SEVERANCE AGREEMENT AND RELEASE

This Severance Agreement and Release (“Agreement”) is entered into effective October 31, 2008, by and between David Belle-Isle (hereinafter “Employee” or “Belle-Isle”) and Rackspace US, Inc. acting on its own behalf as well as on behalf of all related entities, both parent and subsidiaries, specifically including Rackspace Hosting, Inc. (hereinafter collectively “Rackspace”). Hereinafter, Employee and Rackspace shall collectively be called the Parties.

RECITALS:

WHEREAS, Employee was employed as Rackspace’s Senior Vice President, Human Resources effective October 1, 2007;

WHEREAS, the Parties have agreed that it is in their respective best interests for the employment relationship to end, and that Employee has determined to resign effective as of the date hereof, and to enter into this Agreement pursuant to which Employee will receive certain consideration and will release Rackspace from all liabilities.

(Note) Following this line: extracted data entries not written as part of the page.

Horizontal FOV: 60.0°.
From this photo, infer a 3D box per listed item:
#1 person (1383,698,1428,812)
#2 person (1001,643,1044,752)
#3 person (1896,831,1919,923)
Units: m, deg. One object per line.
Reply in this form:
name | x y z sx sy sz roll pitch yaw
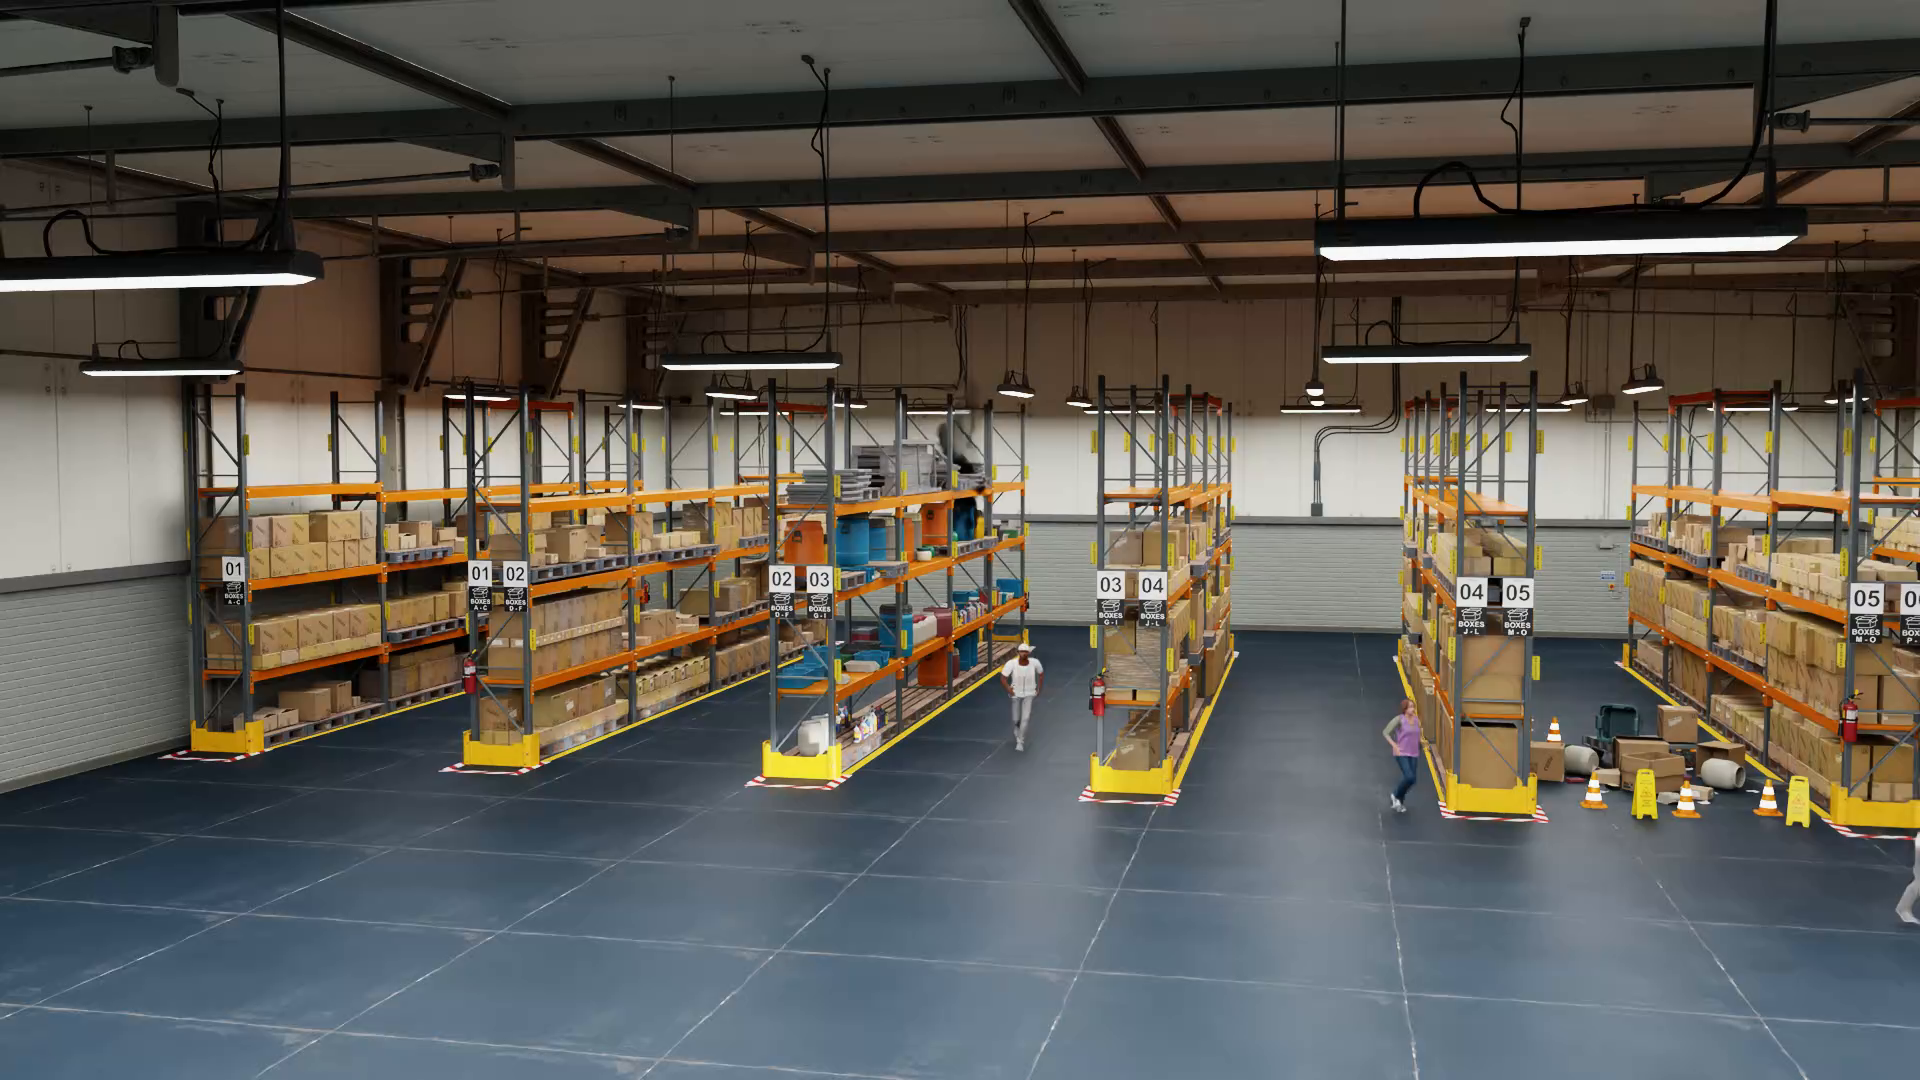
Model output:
person | 6.045 2.921 22.476 0.513 1.559 0.601 -2 4 -25
person | 1.035 2.568 27.525 0.727 1.750 0.875 0 3 -1
person | 9.969 3.194 17.005 0.600 1.716 0.826 -1 3 -21

NOW, THEREFORE, for and in consideration of the mutual covenants contained herein, and other good and valuable consideration, the receipt and legal sufficiency of which are hereby acknowledged, Rackspace and Employee agree as follows:

1. Resignation . Employee hereby resigns as an employee and officer of Rackspace. The effective date of Employee’s termination from employment and resignation from all officer positions shall be October 31, 2008 (“Departure Date”).

2. Payments and Other Considerations .

a. In consideration of the Release being given by Employee hereunder, Rackspace agrees to pay to Employee the sum of $151,667 as severance and $10,739.96 for unused earned time off (ETO). These payments will be made within thirty days after the date hereof.

b. As further consideration for this Agreement, Rackspace agrees that Employee will have the right to retain 93,750 Vested Options issued pursuant to the Rackspace, Inc. Stock Option Agreement, with a Date of Grant of October 1, 2007, and Employee will have the right to exercise these 93,750 Vested Options in accordance with said stock option agreement until April 30, 2009, and Employee’s right to exercise said 93,750 Vested Options shall not terminate as a result of him not being a Service Provider until April 30, 2009. All other non-vested options under the October 1, 2007 Rackspace Inc. Stock Option Agreement shall terminate as of the date hereof. The October 1, 2007 Rackspace Inc. Stock Option Agreement is hereby amended to incorporate the foregoing agreement.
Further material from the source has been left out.